Jusqu’à 1.700 personnes, dont environ 500 moines bouddhistes, ont été détenues dans le campus du Government Technical Institute de Rangoun, a dit un responsable birman. Selon lui, ce groupe incluait environ 200 femmes et des bonzes novices, dont un n’était âgé que de 10 ans.

Mireille Boisson, coordonnatrice pour la Birmanie à Amnesty International France, clame haut et fort le drame qui est en train de se vivre en Birmanie :

La junte au pouvoir en Birmanie réprime les manifestations depuis trois jours. Quelle est la situation actuelle ?
Il y a pour l’instant neuf morts, on « s’émerveille » tous de la retenue de l’armée jusqu’à présent, peut-être est-ce grâce à la Chine (un souvenir de Tien An Men…) et des pays de l’Asean (Asie du Sud-Est), qui ont appelé la junte à la modération.
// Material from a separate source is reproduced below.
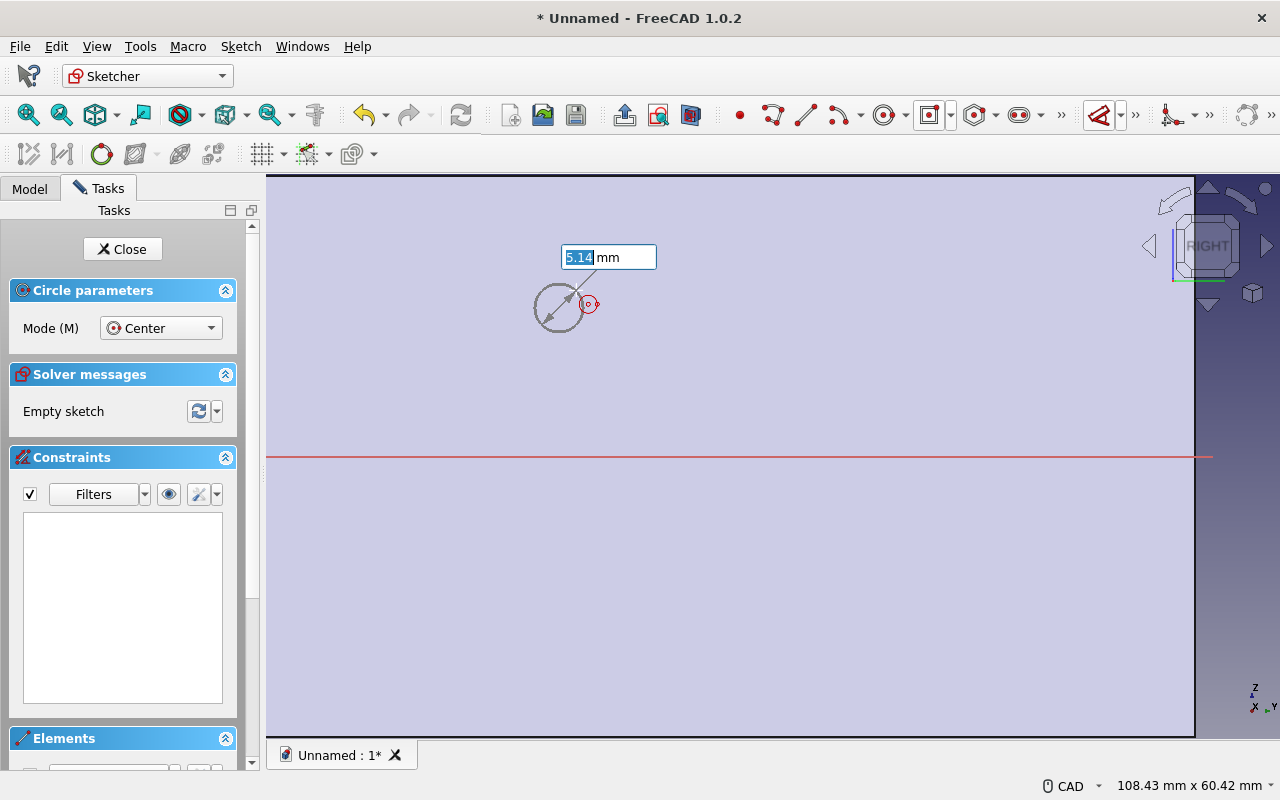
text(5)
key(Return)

De plus, contrairement à la répression de 1988 qui avait fait 3 000 morts, nous disposons cette fois-ci d’images, car les jeunes ont su utiliser les nouvelles technologies : ça intéresse les médias et on ne peut pas massacrer impunément sous leur regard. Reste que le monde extérieur risque d’avoir de moins en moins d’images car le pouvoir est en train de verrouiller, de couper des lignes, les portables, etc.
Et les violations les plus graves sont perpétrées à l’abri des caméras : des arrestations massives ont lieu, des monastères ont été vidés et pillés et il existe évidemment de fortes présomptions de tortures. Il ne faut pas oublier que l’on tombe facilement sous le coup de lois formulées de façon très vague en Birmanie et que les lois d’exception sont toujours en vigueur. Il s’agit d’une torture gratuite, car il n’y a rien à avouer, une torture faite pour briser et terrifier la population. Il y aura également des simulacres de procès – le tarif minimum c’est d’ailleurs sept ans de prison. Quant à Aung San Suu Kyi, pour l’instant elle est toujours chez elle, surveillée de près, d’après des diplomates occidentaux en poste en Birmanie.

Quelle est la solution la plus adaptée ?
L’idéal serait que les Nations unies exercent une pression suffisante pour amener tout le monde à la table des négociations : la junte, la LND (Ligue nationale pour la démocratie), Génération 88, les partis ethniques liés ou pas à la LND. On a également besoin de médiateurs internationaux, notamment issus de la région comme l’Indonésien Ibrahim Gambari, l’émissaire spécial de l’ONU qui vient d’obtenir un visa pour se rendre en Birmanie.
Il faudrait également un embargo sur les armes de la part de la Chine (qui en expédie contre du gaz, du pétrole et la surveillance de la frontière contre le trafic de drogues), de la part aussi de l’Inde et de la Corée du Nord (qui livre probablement du matériel nucléaire). Enfin, le Conseil de sécurité des Nations unies n’est pas du tout prêt à une intervention armée, la Chine de toute façon ne le permettrait jamais.